A center server having a plurality of voice recognition means,
A user terminal that acquires an optimal speech recognition unit from a center server and performs a speech recognition process using the acquired speech recognition unit.

The user terminal,
Equipped with terminal voice recognition means,
The voice recognition system according to claim 1, wherein when the voice recognition means is obtained from the center server, the voice recognition means performs voice recognition processing in place of the terminal voice recognition means.

The center server is:
Further comprising audio information acquisition means for acquiring audio information from the user terminal,
The voice recognition system according to claim 1, wherein the plurality of voice recognition units perform voice recognition processing on the obtained voice information for each voice recognition unit.

In the center server,
Each voice recognition means generates a recognition result of the voice recognition process, and determines a voice recognition means to be provided to the user terminal based on the recognition result,
In the user terminal,
The voice recognition system according to claim 1, wherein a voice recognition unit provided by the center server is obtained.

In the center server,
Each of the voice recognition means generates a recognition result of the voice recognition processing,
The speech recognition system according to claim 1, wherein the recognition result is provided to the user terminal.

The center server is:
Further comprising a history database storing the history information on the voice recognition means or the recognition result obtained by the user terminal,
The voice recognition system according to claim 1, wherein a voice recognition unit or a recognition result to be provided to the user terminal is determined based on the history database.

The center server is:
Further comprising a terminal database storing user terminal information associated with each user terminal,
The voice recognition system according to claim 1, wherein a voice recognition unit to be provided to the user terminal is determined based on the terminal database.

The user terminal,
The speech recognition system according to claim 1, wherein the speech recognition system is an in-vehicle information terminal provided in a vehicle.
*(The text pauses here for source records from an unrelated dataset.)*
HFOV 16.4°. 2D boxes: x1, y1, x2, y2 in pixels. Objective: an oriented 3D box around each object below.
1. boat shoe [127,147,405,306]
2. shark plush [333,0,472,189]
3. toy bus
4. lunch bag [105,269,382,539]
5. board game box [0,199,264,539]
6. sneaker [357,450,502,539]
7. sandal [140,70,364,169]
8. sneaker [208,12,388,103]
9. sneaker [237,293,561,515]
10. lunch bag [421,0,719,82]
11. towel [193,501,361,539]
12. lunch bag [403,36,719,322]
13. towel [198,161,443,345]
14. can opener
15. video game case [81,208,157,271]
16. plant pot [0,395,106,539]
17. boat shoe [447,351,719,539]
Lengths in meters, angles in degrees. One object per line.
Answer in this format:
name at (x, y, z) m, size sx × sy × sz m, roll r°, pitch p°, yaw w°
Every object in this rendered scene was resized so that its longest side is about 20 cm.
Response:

Voice information obtaining means for obtaining voice information from the user terminal;
A server device comprising: a plurality of voice recognition units for performing a voice recognition process on the obtained voice information for each voice recognition unit.

In the server device,
The server device according to claim 9, wherein each of the voice recognition units generates a recognition result of the voice recognition process, and determines an optimal voice recognition unit to be provided to the user terminal based on the recognition result.

In the server device,
Each of the voice recognition means generates a recognition result of the voice recognition processing,
The server device according to claim 9, wherein the recognition result is provided to the user terminal.
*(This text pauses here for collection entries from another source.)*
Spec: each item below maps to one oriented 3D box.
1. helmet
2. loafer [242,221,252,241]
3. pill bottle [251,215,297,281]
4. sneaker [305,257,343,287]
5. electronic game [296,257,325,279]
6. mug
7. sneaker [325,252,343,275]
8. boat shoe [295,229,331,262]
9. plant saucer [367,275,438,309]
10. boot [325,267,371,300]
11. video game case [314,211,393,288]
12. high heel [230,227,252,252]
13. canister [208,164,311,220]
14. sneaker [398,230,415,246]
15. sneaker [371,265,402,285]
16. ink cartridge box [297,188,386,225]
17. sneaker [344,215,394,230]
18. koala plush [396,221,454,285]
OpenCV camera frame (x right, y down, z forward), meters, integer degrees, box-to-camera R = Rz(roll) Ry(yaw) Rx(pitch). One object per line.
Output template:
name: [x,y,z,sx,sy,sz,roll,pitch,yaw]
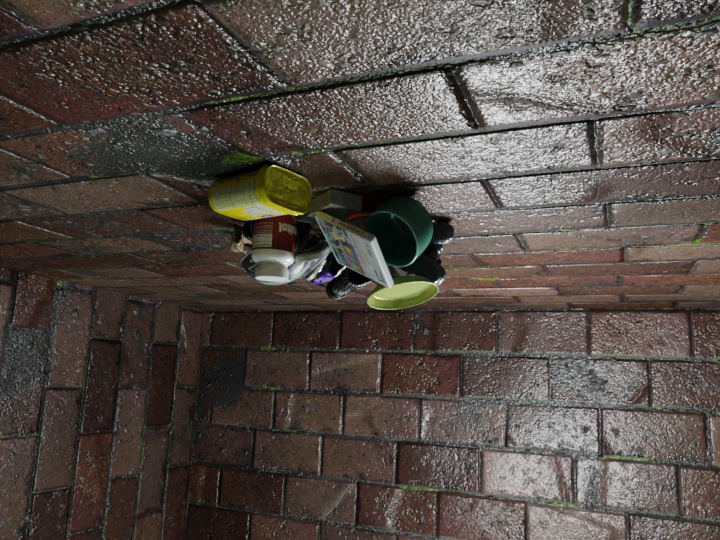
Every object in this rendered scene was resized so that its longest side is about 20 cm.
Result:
helmet: [-0.230,-0.057,1.719,0.195,0.195,0.200,2,170,0]
loafer: [-0.260,-0.103,1.850,0.197,0.075,0.071,18,169,-22]
pill bottle: [-0.218,-0.078,1.575,0.110,0.205,0.113,2,170,0]
sneaker: [-0.081,-0.017,2.002,0.099,0.070,0.199,38,118,-24]
electronic game: [-0.134,-0.046,1.876,0.042,0.200,0.200,46,167,2]
mug: [0.088,-0.104,1.514,0.182,0.154,0.114,9,-144,36]
sneaker: [-0.037,-0.061,1.790,0.070,0.084,0.201,23,125,-21]
boat shoe: [-0.112,-0.073,1.626,0.069,0.065,0.200,-3,-163,28]
plant saucer: [0.113,0.057,1.681,0.196,0.032,0.201,-9,158,-4]
boot: [0.001,0.002,1.824,0.211,0.080,0.158,-44,-177,-36]
video game case: [-0.013,-0.051,1.542,0.180,0.023,0.201,26,157,32]
high heel: [-0.325,-0.085,1.905,0.140,0.073,0.200,11,-175,-10]
canister: [-0.231,-0.170,1.408,0.197,0.089,0.147,-4,168,39]
sneaker: [0.093,-0.054,1.644,0.197,0.077,0.113,-21,171,19]
sneaker: [0.083,0.022,1.733,0.080,0.077,0.200,34,-179,9]
ink cartridge box: [-0.046,-0.151,1.589,0.171,0.045,0.199,10,167,-29]
sneaker: [0.035,-0.123,1.613,0.196,0.076,0.100,-15,169,-22]
koala plush: [0.168,-0.048,1.787,0.180,0.181,0.200,13,172,9]

A user terminal that acquires an optimal voice recognition unit from a server device and performs a voice recognition process using the obtained voice recognition unit.

The user terminal,
Equipped with terminal voice recognition means,
13. The user terminal according to claim 12, wherein when the voice recognition unit is obtained from the server device, voice recognition processing is performed by the obtained voice recognition unit instead of the terminal voice recognition unit.

Obtaining audio information from the user terminal;
A speech recognition program that causes a computer to execute a plurality of speech recognition steps on the acquired speech information.

Obtaining voice recognition means from the server device;
Performing a voice recognition process by the obtained voice recognition means, and causing the computer to execute the voice recognition program for a user terminal.